# Exercise details
All that is needed is the run of lines from the top of the entries to the line with "List each element's", that line included, repeated exactly and free of pictures.

Dataset items:
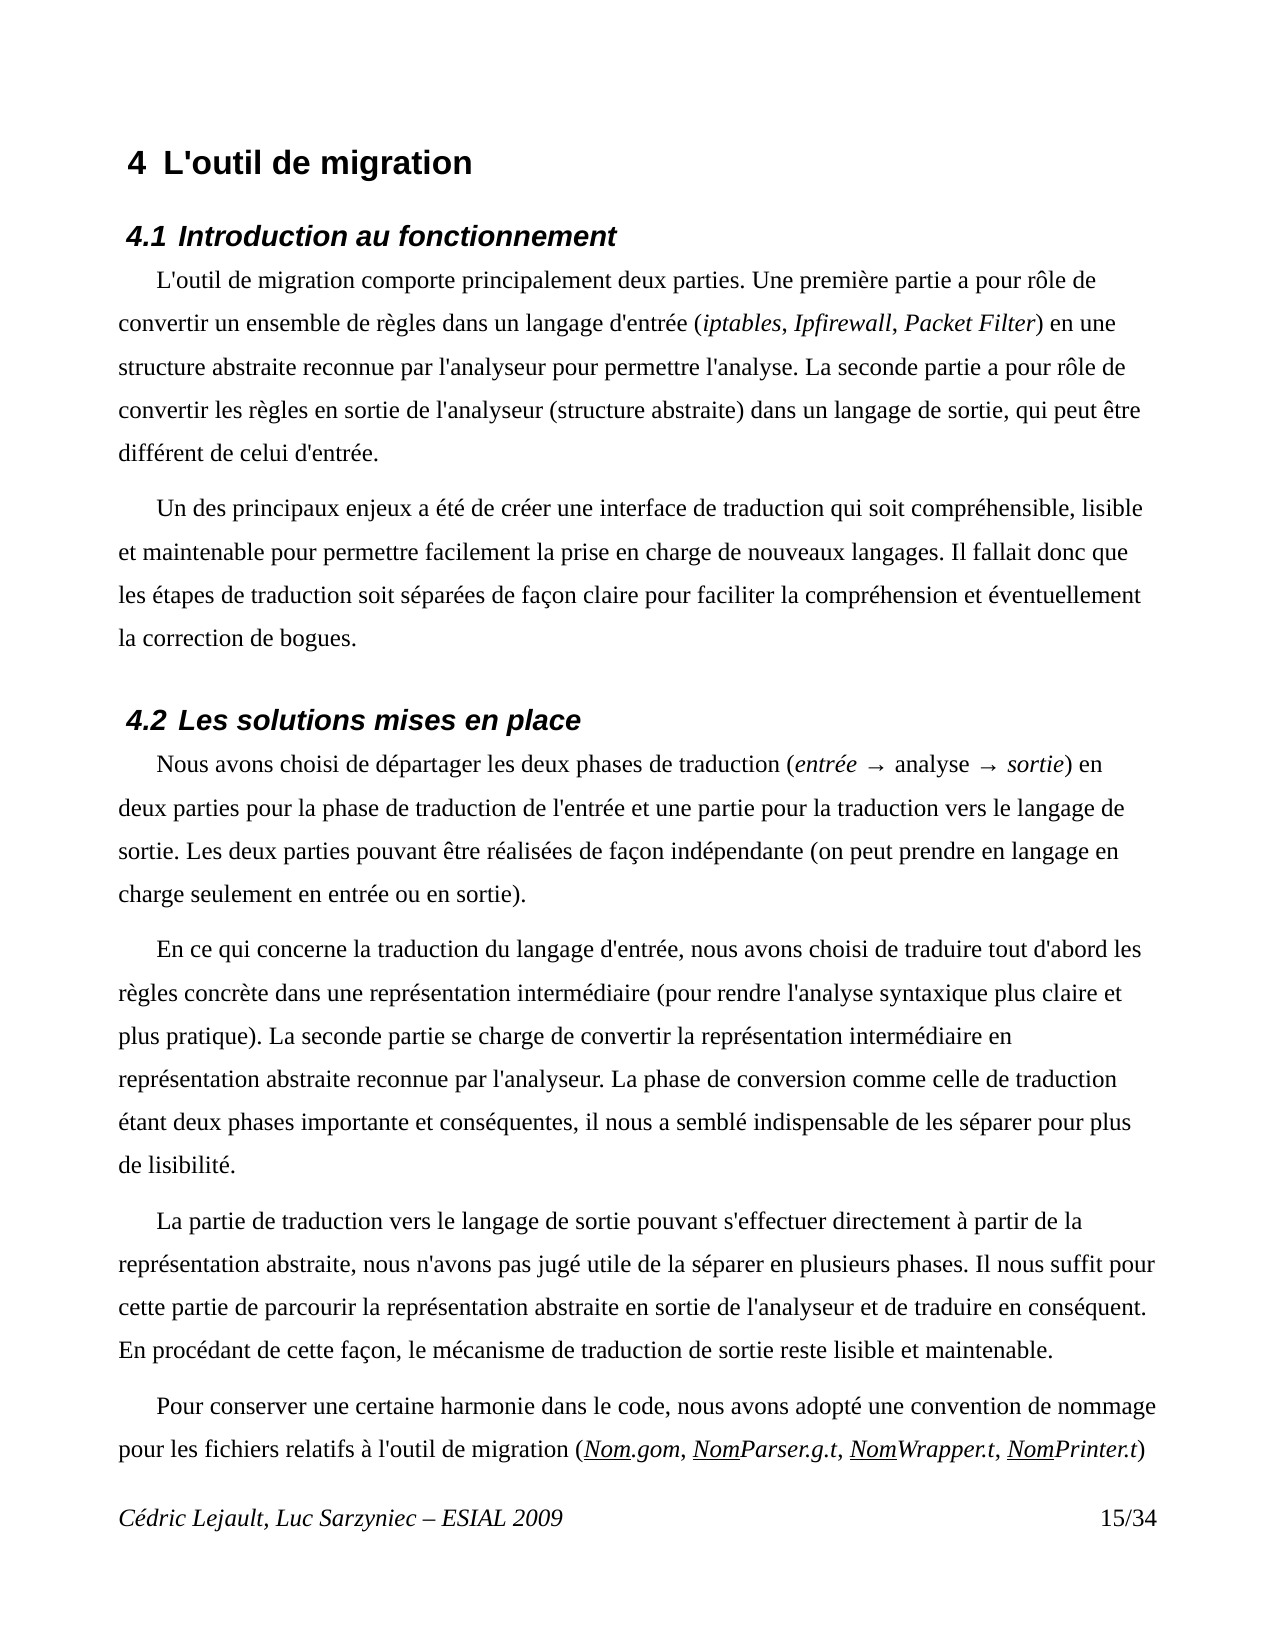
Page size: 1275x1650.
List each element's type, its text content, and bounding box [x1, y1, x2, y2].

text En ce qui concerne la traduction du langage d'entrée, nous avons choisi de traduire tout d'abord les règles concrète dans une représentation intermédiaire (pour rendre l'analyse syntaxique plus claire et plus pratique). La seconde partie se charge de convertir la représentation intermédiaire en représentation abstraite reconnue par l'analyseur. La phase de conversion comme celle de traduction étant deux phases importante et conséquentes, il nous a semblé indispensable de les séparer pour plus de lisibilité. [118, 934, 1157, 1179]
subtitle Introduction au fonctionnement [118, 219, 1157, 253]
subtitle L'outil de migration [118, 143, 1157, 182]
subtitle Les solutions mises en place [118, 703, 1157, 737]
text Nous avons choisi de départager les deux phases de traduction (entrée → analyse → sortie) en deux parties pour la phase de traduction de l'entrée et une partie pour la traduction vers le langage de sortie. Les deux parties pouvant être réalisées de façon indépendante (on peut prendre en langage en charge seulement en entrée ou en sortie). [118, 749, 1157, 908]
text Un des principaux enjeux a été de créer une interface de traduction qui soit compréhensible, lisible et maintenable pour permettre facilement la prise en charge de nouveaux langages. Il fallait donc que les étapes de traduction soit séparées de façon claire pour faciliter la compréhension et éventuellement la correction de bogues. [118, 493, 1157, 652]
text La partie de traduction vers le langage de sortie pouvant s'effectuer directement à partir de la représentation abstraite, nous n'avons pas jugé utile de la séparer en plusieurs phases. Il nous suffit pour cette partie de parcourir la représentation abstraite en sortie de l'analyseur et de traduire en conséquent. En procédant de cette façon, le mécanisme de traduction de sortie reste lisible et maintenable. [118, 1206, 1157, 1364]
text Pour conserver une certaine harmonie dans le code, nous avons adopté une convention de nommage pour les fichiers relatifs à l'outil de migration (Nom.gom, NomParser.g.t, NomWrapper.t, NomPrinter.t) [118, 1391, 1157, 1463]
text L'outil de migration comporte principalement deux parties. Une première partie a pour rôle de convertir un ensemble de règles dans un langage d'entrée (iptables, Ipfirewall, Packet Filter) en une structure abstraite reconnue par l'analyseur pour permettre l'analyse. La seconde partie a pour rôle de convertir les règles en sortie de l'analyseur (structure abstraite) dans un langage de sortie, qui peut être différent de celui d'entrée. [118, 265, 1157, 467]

# Finished exercise
Page size: 1275x1650.
List each element's type, its text content, and bounding box [x1, y1, x2, y2].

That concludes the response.